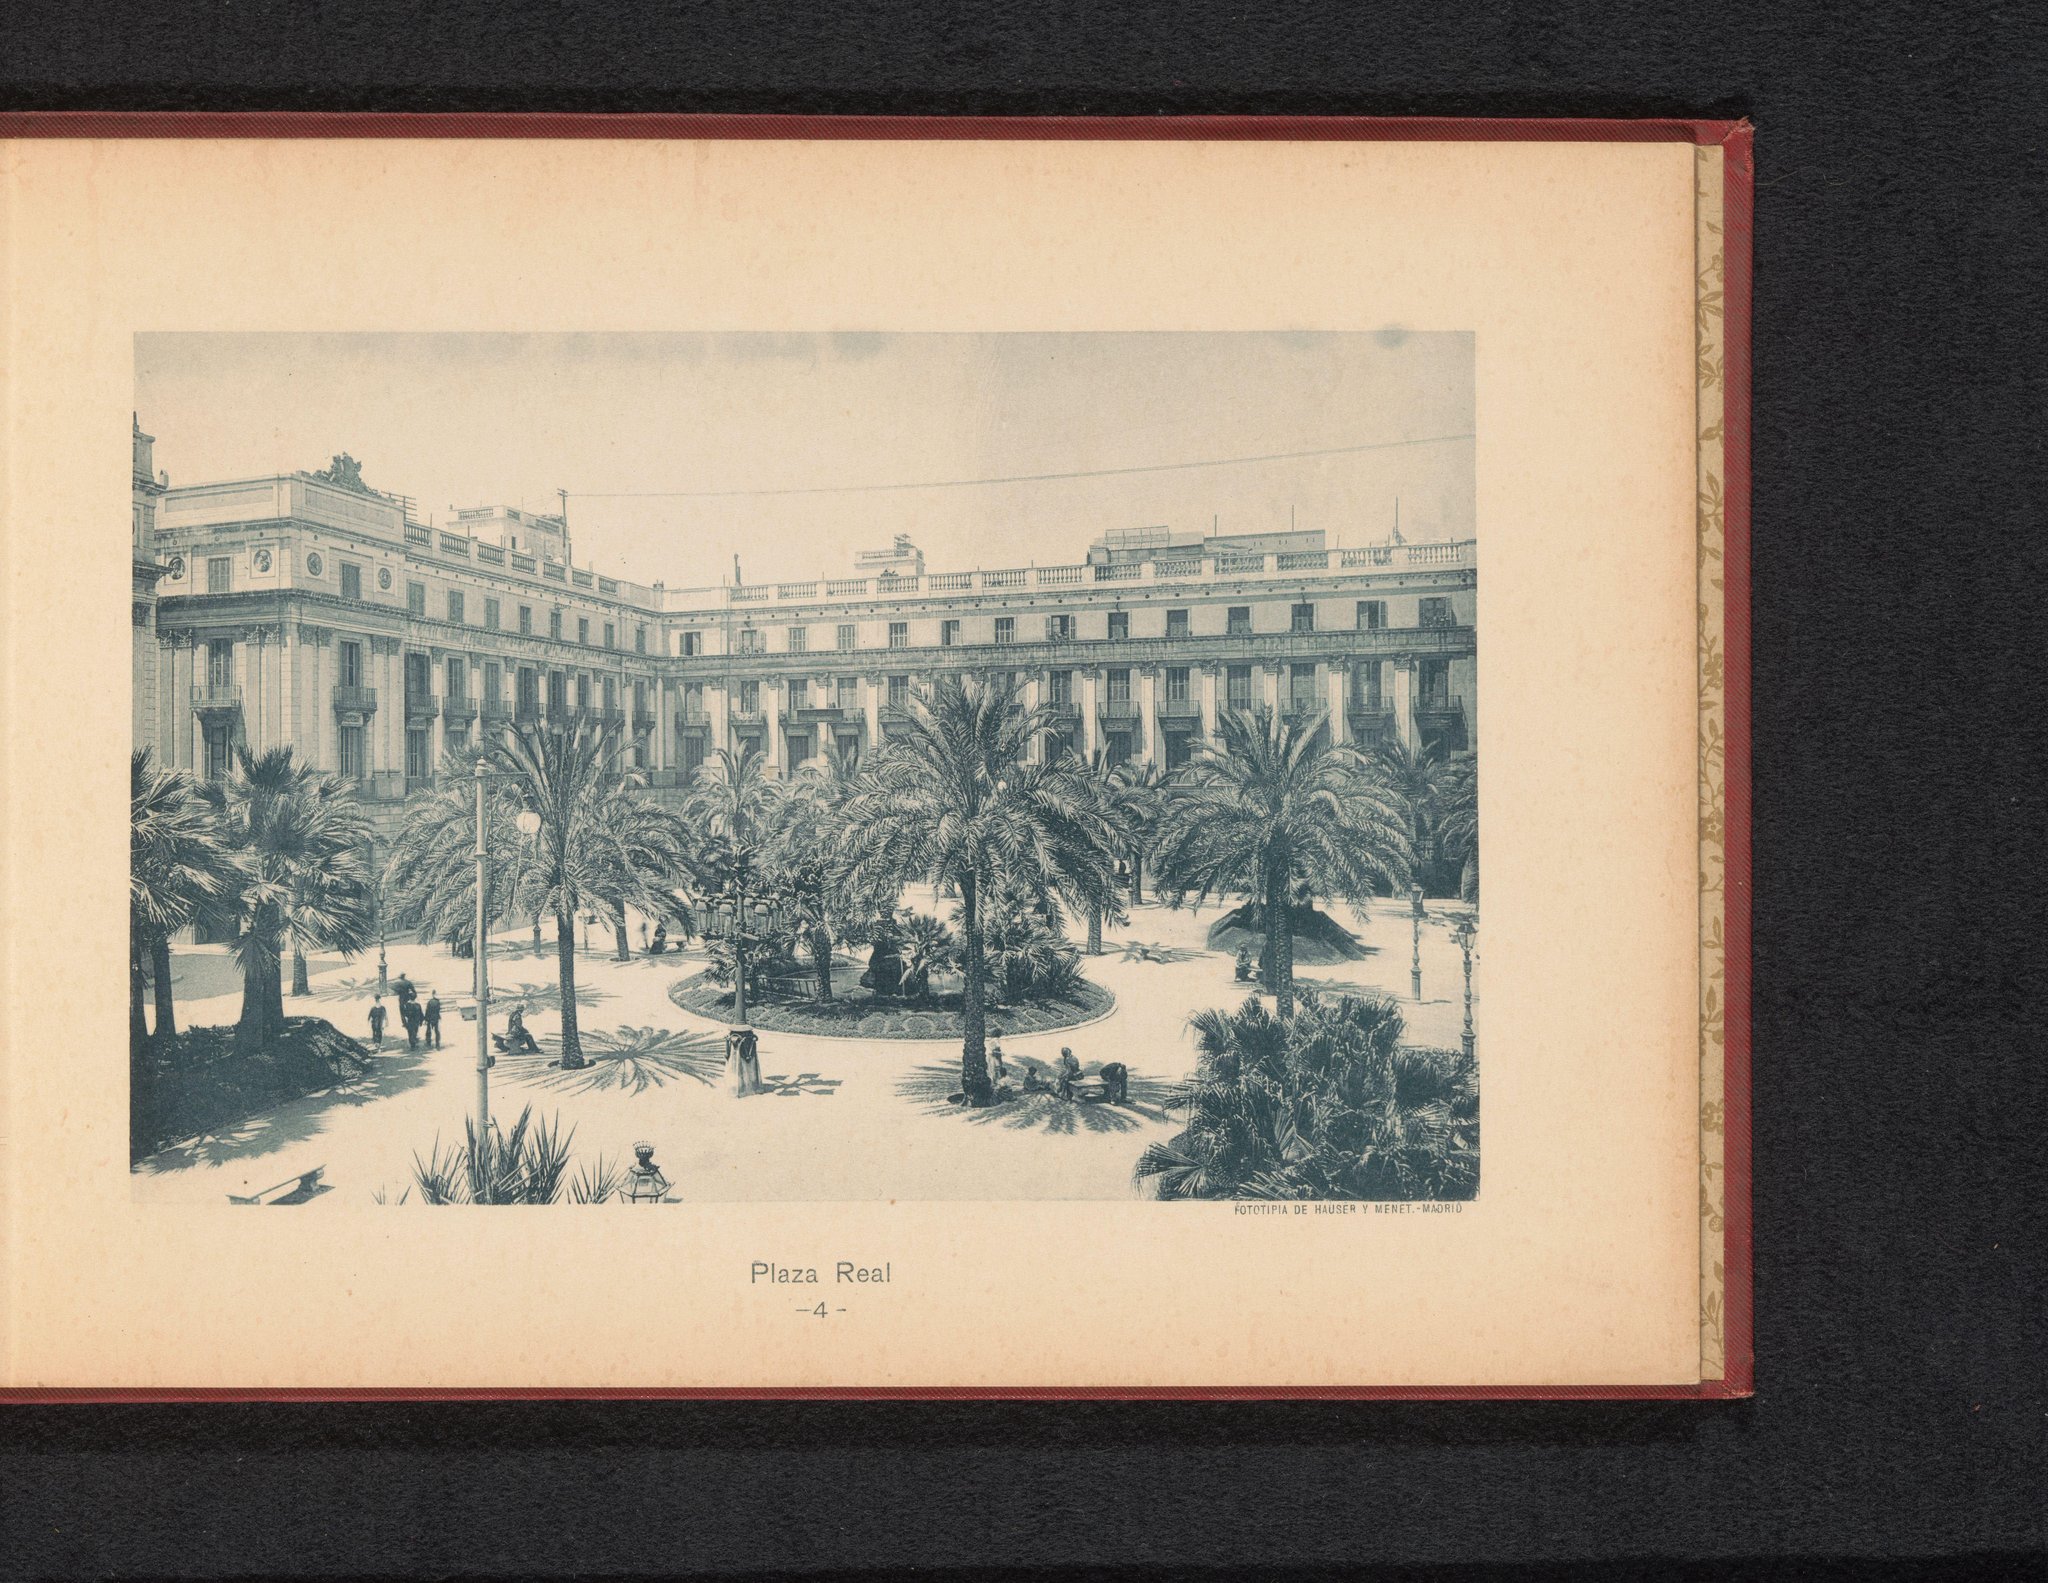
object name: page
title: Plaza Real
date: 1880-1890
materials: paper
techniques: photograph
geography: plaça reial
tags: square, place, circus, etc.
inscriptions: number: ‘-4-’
* * *
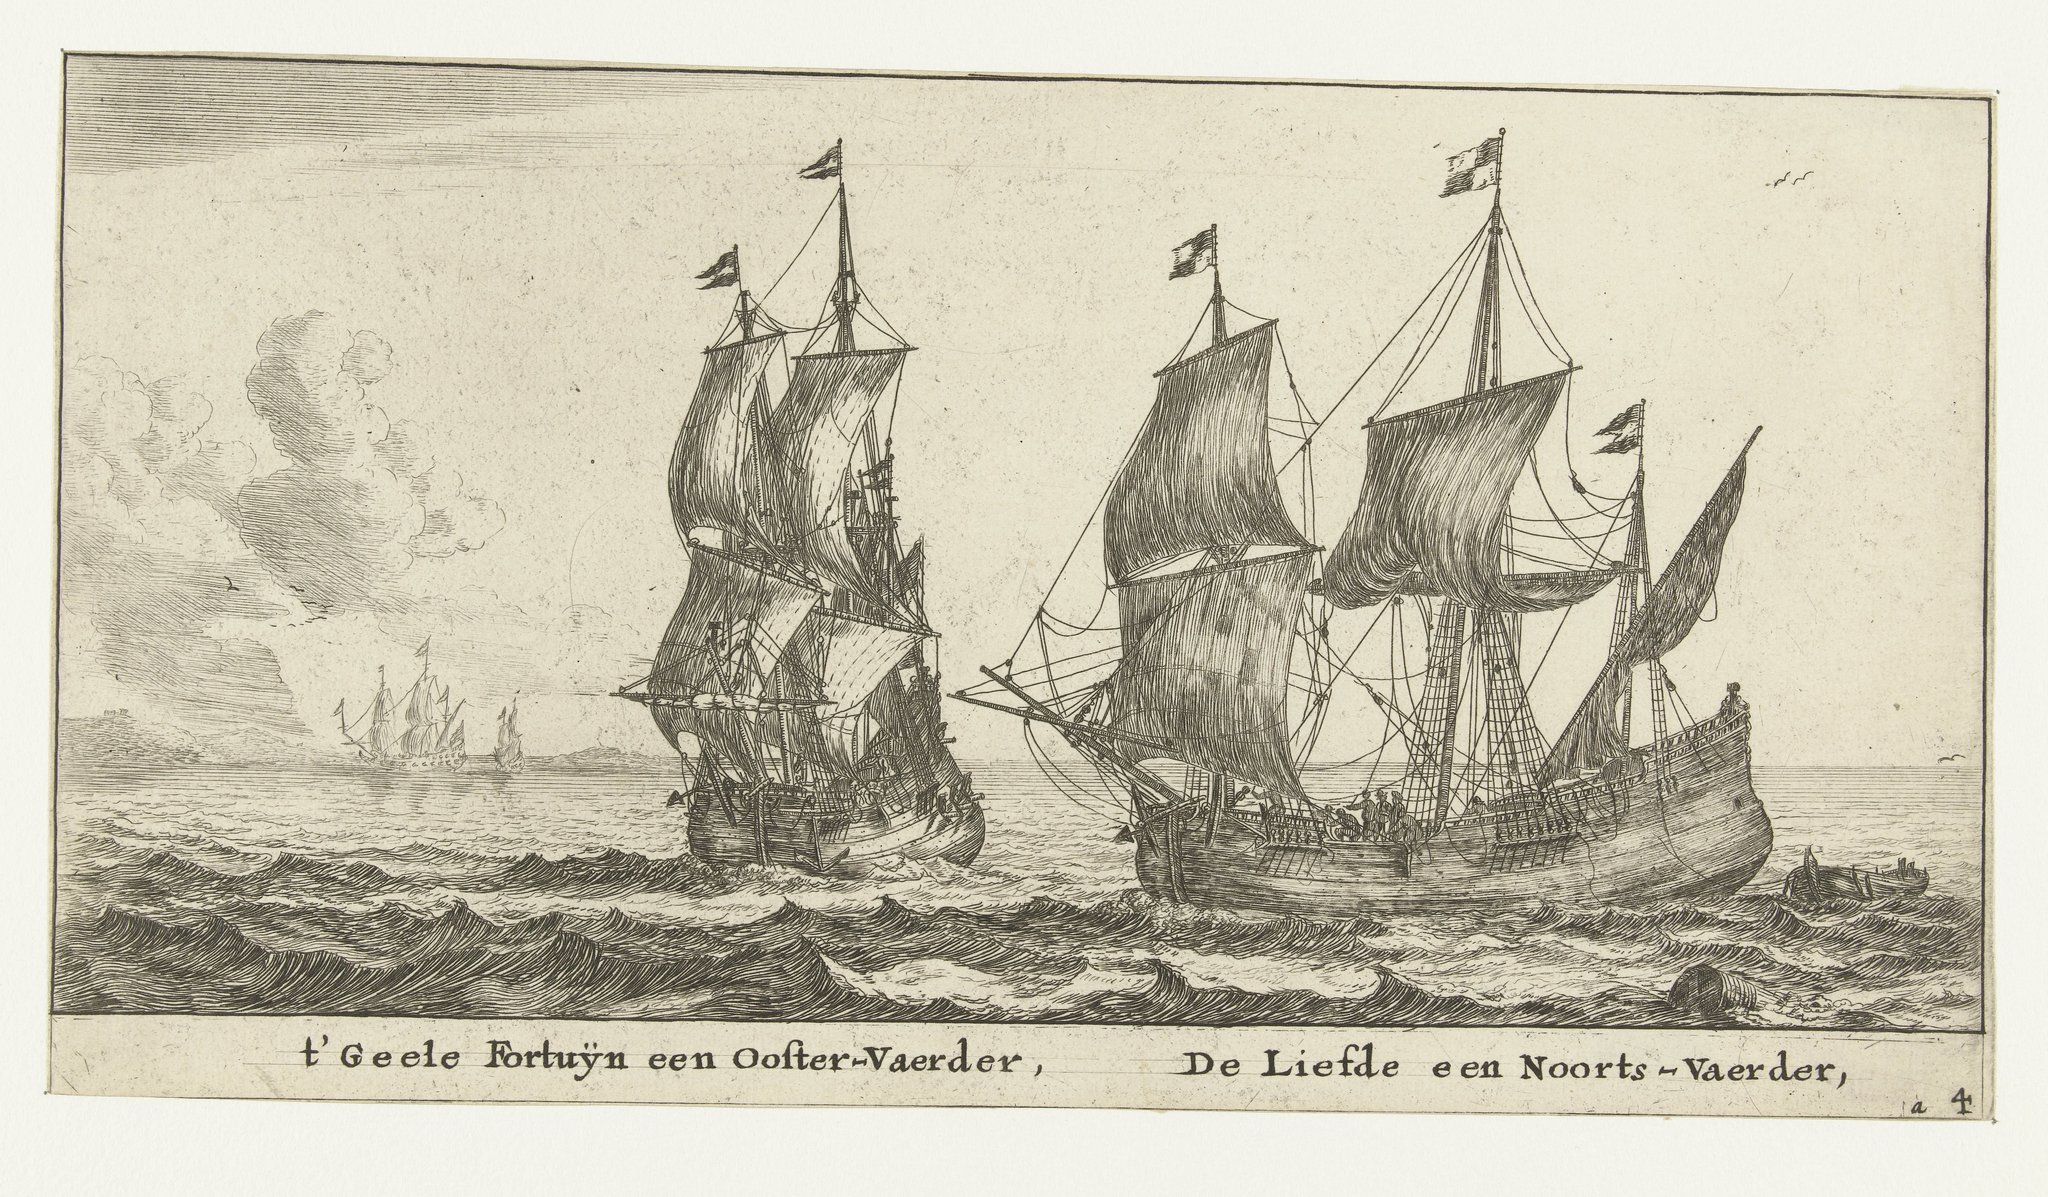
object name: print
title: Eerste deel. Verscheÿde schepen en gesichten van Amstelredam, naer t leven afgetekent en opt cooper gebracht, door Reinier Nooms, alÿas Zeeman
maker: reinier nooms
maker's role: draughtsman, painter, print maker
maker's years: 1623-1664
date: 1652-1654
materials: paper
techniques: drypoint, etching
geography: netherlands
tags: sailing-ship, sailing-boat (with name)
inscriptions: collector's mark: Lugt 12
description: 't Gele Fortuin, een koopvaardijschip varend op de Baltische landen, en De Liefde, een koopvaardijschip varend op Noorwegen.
---
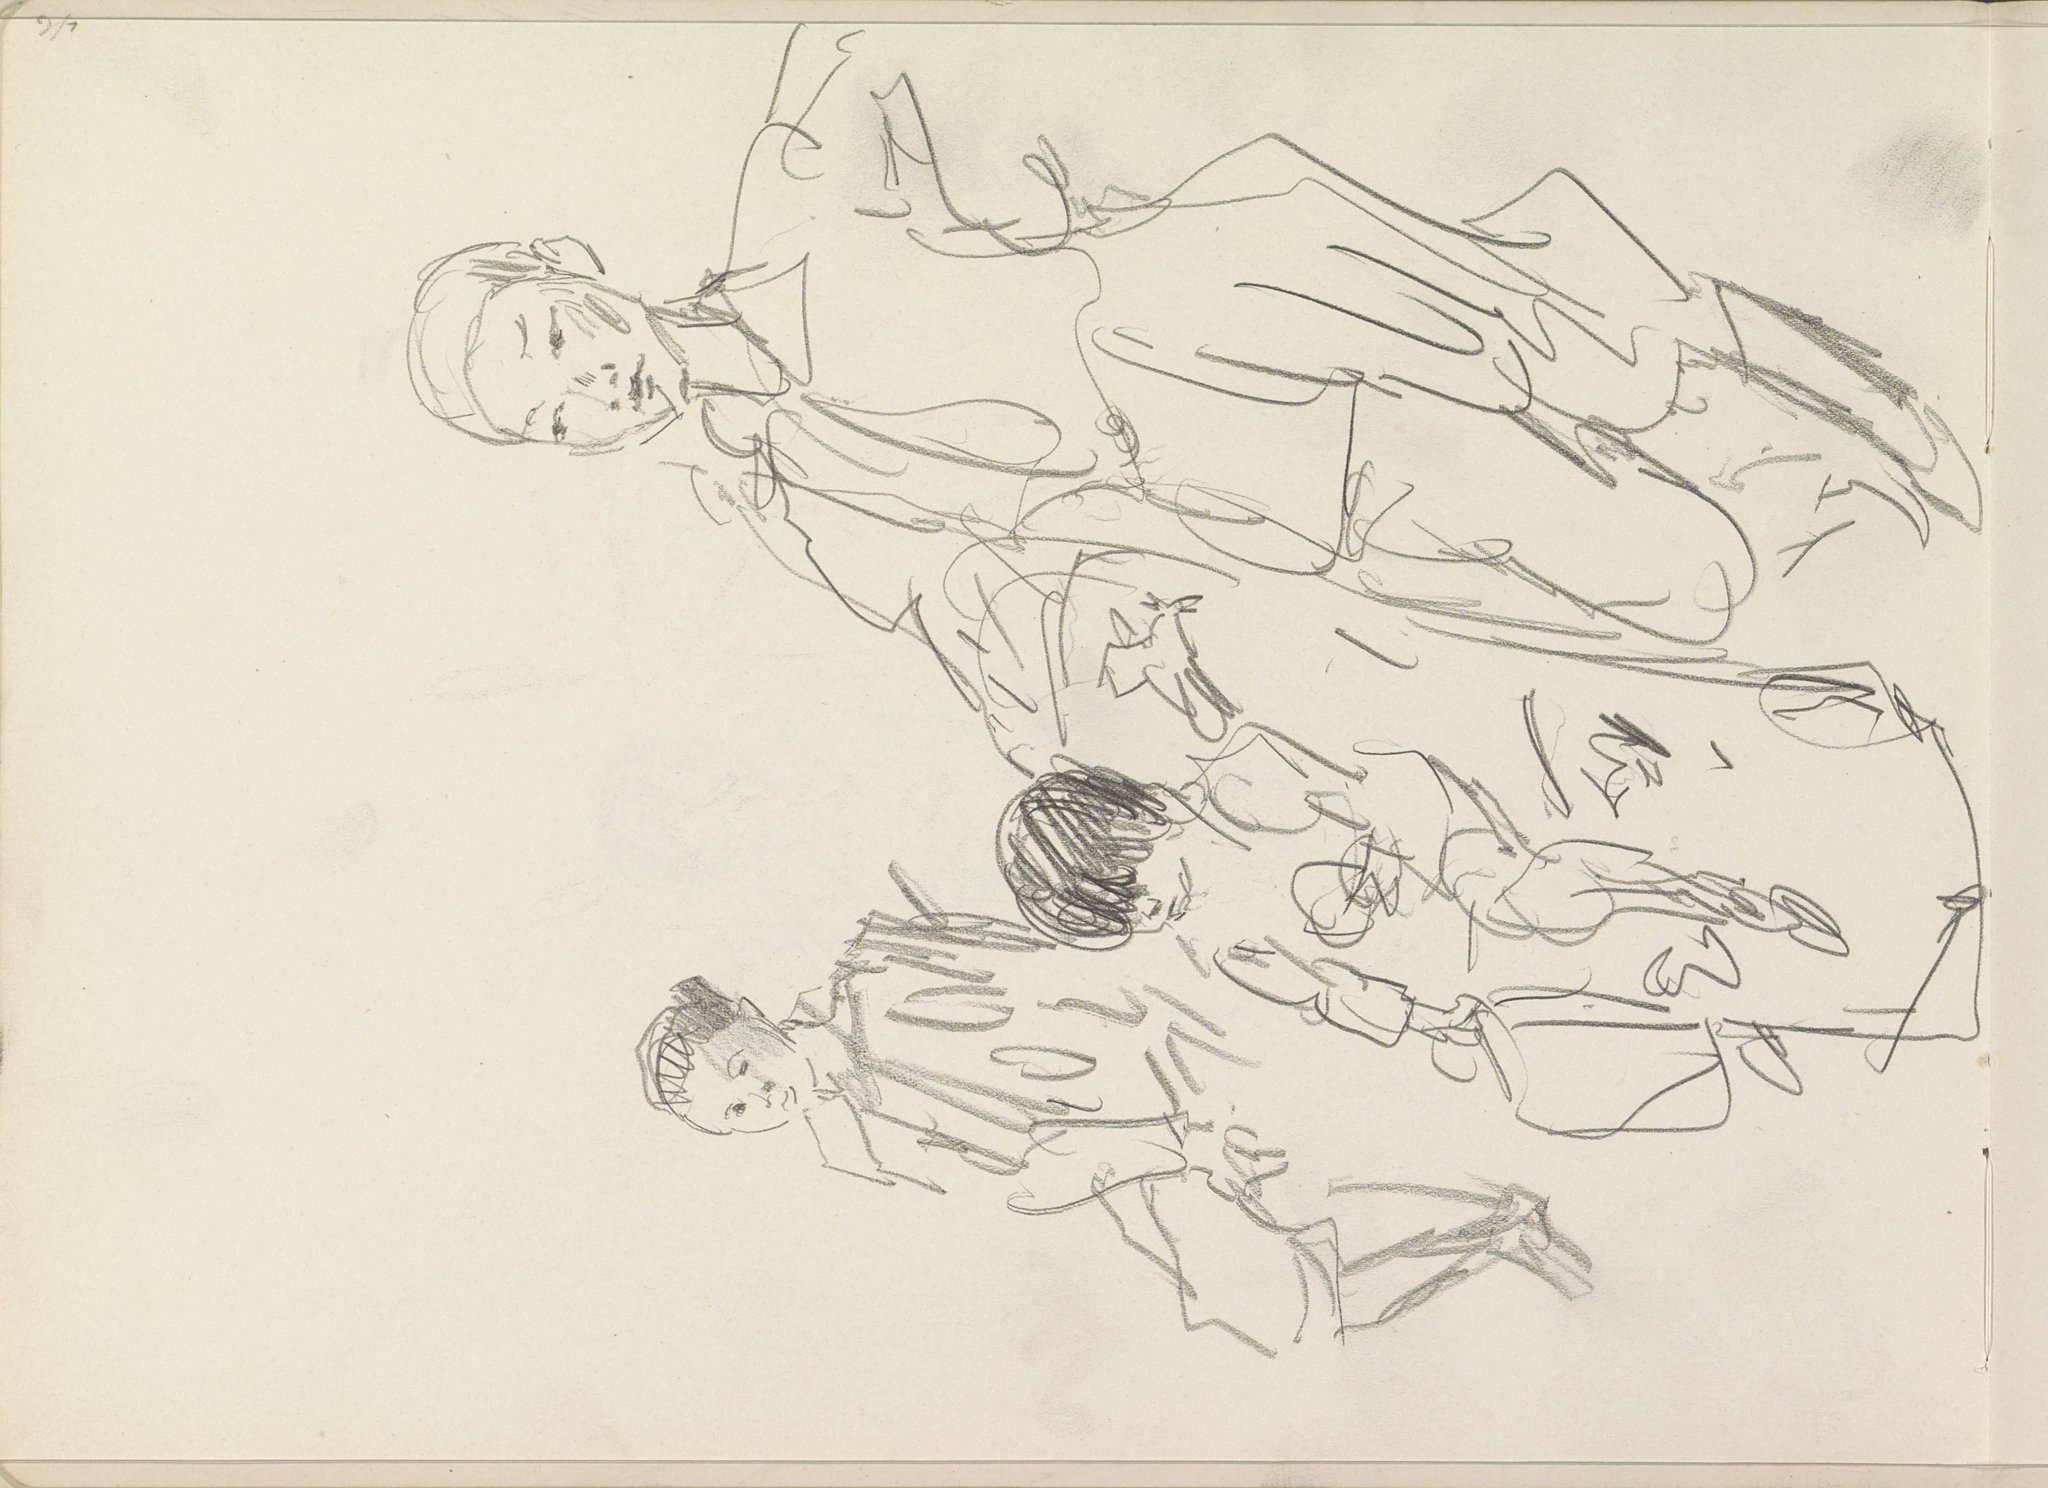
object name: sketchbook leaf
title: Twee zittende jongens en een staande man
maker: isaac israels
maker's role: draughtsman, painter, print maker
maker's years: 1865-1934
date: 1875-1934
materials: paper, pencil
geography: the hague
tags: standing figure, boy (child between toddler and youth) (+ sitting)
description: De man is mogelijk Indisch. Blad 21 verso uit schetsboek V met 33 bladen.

PROBLEM STATEMENT —
Transcribe each line of the data above, unaltered, from the one where "object name: page" appears to the one where "inscriptions: number: ‘-4-’" appears, inclusive of both.

RESULT OF THE TASK —
object name: page
title: Plaza Real
date: 1880-1890
materials: paper
techniques: photograph
geography: plaça reial
tags: square, place, circus, etc.
inscriptions: number: ‘-4-’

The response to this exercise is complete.